### DATASET ENTRIES
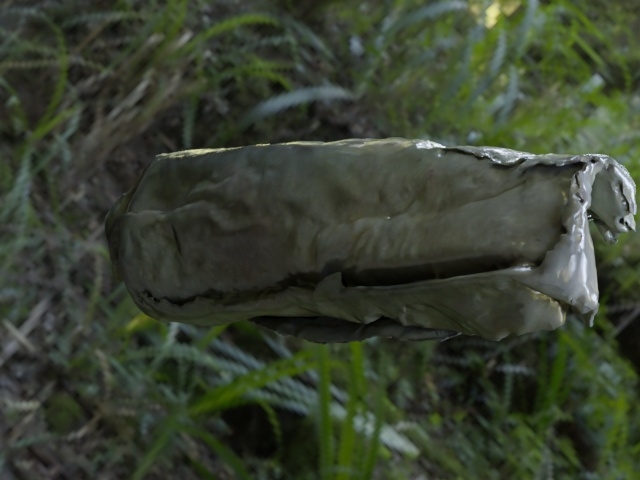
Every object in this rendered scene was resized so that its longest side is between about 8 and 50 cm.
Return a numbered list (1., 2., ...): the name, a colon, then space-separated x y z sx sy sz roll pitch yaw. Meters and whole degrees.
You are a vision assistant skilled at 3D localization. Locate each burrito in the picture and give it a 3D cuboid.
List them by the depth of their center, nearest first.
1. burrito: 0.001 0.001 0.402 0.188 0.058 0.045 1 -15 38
==
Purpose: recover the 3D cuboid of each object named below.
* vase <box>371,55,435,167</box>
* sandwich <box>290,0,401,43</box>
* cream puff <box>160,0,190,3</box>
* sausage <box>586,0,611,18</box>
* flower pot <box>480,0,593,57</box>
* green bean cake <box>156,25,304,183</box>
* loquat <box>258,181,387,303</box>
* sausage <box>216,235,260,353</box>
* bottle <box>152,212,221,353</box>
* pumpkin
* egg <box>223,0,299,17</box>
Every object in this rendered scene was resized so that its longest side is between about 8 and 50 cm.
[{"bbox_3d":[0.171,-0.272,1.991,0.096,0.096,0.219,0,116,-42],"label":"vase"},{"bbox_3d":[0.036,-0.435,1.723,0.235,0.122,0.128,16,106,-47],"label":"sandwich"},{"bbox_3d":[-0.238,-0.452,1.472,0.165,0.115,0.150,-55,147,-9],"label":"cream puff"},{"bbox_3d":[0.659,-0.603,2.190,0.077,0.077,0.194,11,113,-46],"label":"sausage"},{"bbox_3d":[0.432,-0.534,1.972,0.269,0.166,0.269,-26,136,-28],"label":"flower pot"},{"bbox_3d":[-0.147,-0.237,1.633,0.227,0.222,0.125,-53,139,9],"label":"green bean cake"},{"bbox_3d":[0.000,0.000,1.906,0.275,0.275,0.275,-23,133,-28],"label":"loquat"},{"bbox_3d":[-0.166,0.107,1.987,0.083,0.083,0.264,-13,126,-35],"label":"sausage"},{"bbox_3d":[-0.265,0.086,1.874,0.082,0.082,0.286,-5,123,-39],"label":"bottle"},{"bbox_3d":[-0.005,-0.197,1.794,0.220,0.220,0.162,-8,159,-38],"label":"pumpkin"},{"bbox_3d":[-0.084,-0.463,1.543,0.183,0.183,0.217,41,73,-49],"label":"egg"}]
==
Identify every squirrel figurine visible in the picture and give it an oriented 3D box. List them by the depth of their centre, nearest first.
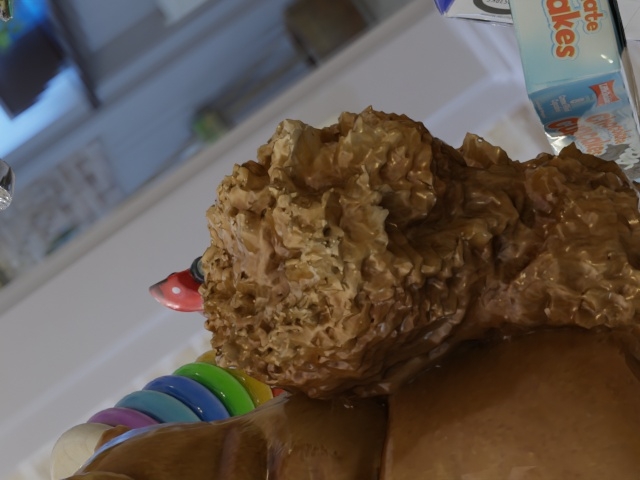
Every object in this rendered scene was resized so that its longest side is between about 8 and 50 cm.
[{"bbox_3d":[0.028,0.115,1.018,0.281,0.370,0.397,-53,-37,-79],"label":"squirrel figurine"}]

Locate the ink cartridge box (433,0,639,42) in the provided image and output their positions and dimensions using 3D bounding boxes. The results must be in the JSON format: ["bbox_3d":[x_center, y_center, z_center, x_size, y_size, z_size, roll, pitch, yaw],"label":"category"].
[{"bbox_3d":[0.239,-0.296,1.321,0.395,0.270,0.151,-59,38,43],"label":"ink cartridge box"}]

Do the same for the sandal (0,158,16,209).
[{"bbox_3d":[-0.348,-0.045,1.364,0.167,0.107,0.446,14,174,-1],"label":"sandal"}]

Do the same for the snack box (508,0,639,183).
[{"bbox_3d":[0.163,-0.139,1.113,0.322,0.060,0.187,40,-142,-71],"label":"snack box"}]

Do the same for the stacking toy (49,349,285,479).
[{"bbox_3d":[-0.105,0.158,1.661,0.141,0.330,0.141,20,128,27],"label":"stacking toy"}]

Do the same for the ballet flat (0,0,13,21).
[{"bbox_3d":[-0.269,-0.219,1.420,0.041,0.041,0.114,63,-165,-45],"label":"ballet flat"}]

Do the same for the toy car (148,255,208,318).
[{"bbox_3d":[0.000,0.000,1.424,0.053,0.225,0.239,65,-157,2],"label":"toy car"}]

### WORK TO COMPLETE
Scan the records above for lines with the word "each". Then report how many there are, as a bare number.

### WORKED SOLUTION
2